+++ Materials provided

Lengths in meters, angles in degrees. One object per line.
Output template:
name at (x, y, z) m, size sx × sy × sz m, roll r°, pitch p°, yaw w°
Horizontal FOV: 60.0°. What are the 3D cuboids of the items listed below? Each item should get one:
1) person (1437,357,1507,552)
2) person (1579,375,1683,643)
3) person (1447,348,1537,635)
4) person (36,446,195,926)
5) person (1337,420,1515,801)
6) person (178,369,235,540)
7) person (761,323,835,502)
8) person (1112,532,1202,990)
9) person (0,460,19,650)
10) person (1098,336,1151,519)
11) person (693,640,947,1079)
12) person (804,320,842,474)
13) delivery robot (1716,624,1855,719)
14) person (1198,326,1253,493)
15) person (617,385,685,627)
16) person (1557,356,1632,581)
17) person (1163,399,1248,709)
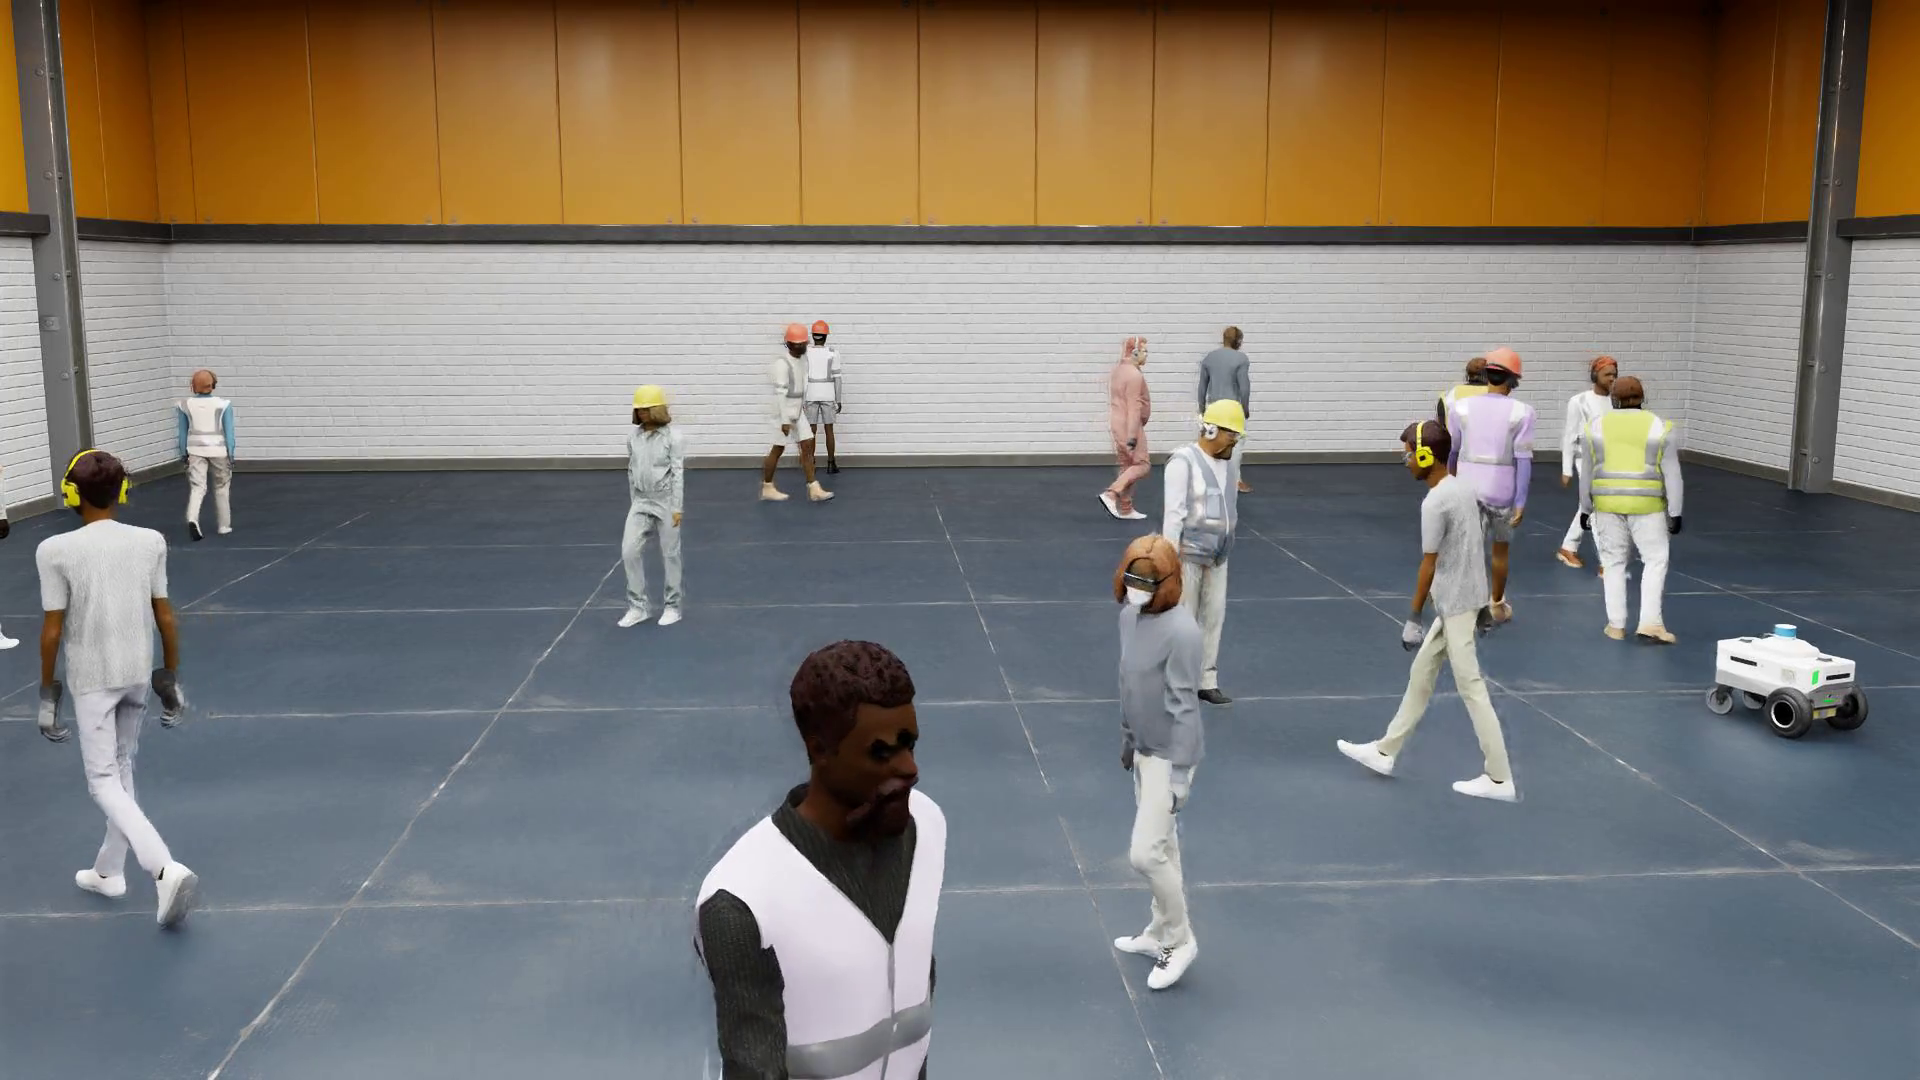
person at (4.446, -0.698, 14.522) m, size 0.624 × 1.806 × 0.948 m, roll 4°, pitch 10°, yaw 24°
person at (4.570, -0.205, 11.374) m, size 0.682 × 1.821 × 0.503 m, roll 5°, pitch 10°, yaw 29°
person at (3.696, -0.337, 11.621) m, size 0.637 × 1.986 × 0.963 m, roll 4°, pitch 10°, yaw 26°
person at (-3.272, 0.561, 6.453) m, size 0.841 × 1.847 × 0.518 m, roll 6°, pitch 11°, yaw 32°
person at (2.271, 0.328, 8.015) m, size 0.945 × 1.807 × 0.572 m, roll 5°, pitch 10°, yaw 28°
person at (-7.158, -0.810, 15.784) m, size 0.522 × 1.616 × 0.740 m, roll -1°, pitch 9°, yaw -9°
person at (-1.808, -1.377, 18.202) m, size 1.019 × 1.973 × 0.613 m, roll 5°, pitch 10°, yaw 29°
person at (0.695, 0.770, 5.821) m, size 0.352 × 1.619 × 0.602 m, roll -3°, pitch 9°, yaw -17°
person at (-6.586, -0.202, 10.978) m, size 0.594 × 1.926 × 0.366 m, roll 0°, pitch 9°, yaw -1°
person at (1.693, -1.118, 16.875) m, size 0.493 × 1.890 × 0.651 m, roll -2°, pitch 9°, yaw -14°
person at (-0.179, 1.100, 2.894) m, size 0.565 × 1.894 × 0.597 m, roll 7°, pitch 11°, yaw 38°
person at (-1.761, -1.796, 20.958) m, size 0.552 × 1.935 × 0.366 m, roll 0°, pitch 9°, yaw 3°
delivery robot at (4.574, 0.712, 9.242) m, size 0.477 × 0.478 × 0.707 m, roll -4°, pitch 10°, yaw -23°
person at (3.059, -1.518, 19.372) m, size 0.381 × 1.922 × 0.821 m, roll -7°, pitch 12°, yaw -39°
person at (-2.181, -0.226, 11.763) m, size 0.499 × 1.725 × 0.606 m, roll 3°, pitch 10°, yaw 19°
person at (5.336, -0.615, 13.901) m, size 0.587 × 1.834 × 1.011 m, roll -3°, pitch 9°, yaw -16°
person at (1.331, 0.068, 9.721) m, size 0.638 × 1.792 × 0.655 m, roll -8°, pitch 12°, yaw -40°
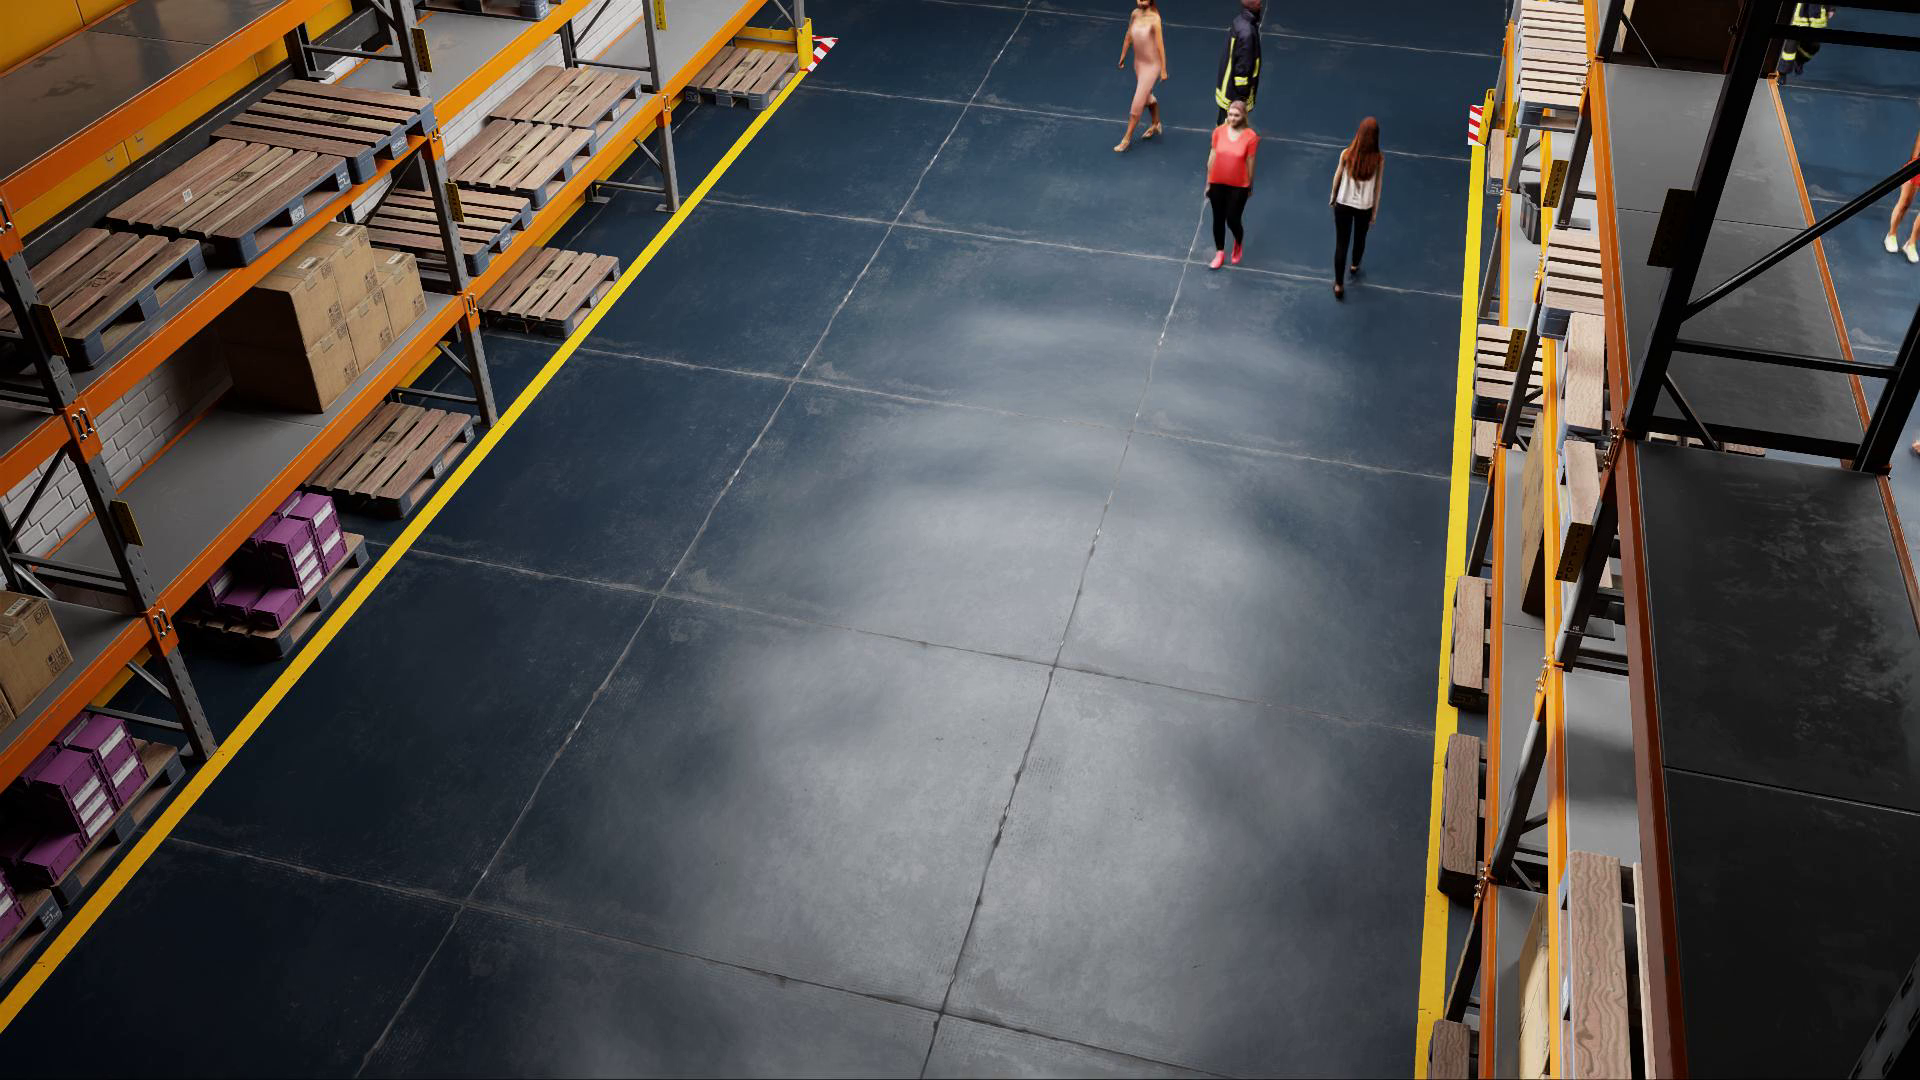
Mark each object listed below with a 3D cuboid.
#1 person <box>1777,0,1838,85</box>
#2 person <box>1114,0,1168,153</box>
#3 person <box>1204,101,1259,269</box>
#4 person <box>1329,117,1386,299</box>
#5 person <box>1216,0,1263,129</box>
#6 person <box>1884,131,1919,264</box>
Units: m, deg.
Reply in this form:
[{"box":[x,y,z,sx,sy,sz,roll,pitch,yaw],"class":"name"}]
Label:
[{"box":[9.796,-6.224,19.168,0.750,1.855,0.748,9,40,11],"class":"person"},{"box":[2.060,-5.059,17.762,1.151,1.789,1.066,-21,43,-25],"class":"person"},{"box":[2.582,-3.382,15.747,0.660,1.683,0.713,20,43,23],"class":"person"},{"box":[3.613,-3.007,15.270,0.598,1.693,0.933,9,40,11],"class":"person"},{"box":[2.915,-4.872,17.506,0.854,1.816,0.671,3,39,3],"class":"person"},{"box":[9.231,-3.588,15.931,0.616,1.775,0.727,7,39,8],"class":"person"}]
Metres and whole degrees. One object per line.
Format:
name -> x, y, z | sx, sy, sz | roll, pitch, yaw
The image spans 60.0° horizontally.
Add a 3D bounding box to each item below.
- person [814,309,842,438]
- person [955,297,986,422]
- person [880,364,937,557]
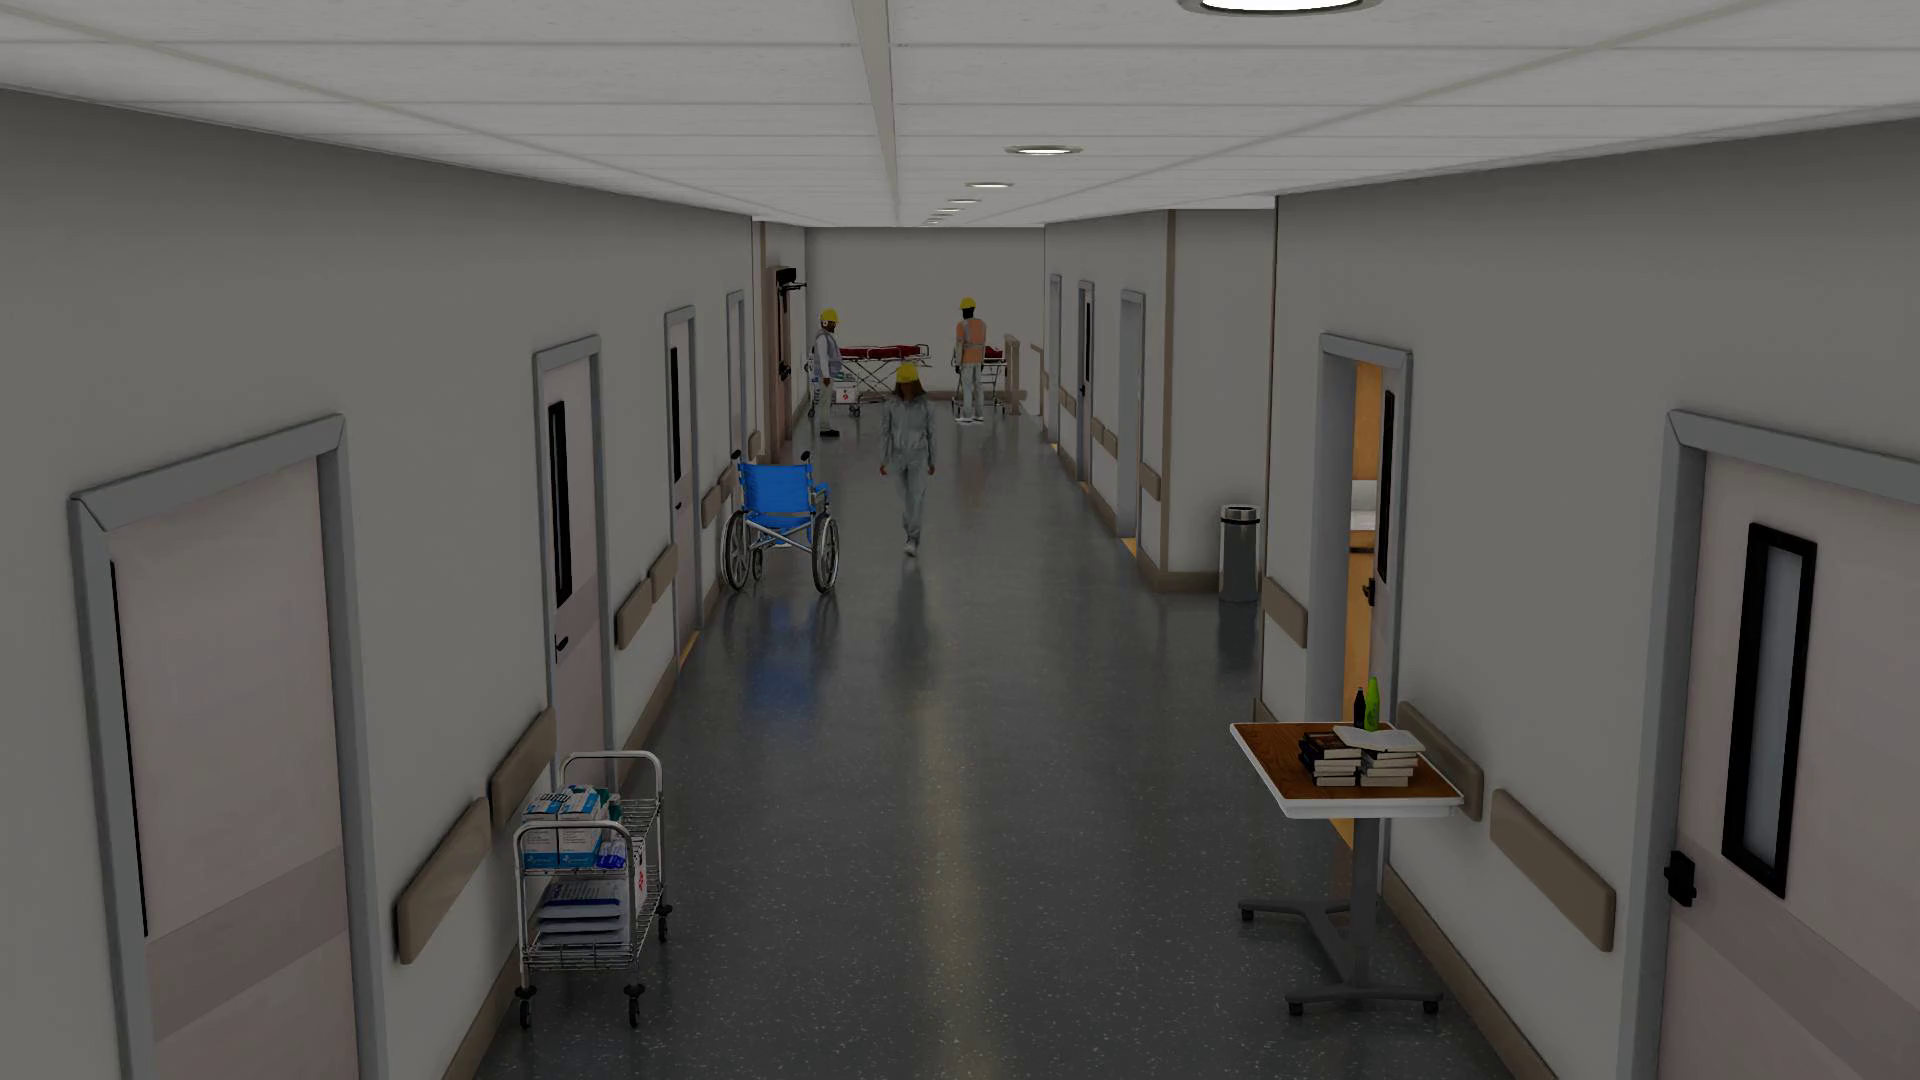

++++++

The lines above that hold "name" are the result; show every one of them.

name at (x, y, z) m, size sx × sy × sz m, roll r°, pitch p°, yaw w°
[{"box":[x,y,z,sx,sy,sz,roll,pitch,yaw],"class":"name"}]
name -> x, y, z | sx, sy, sz | roll, pitch, yaw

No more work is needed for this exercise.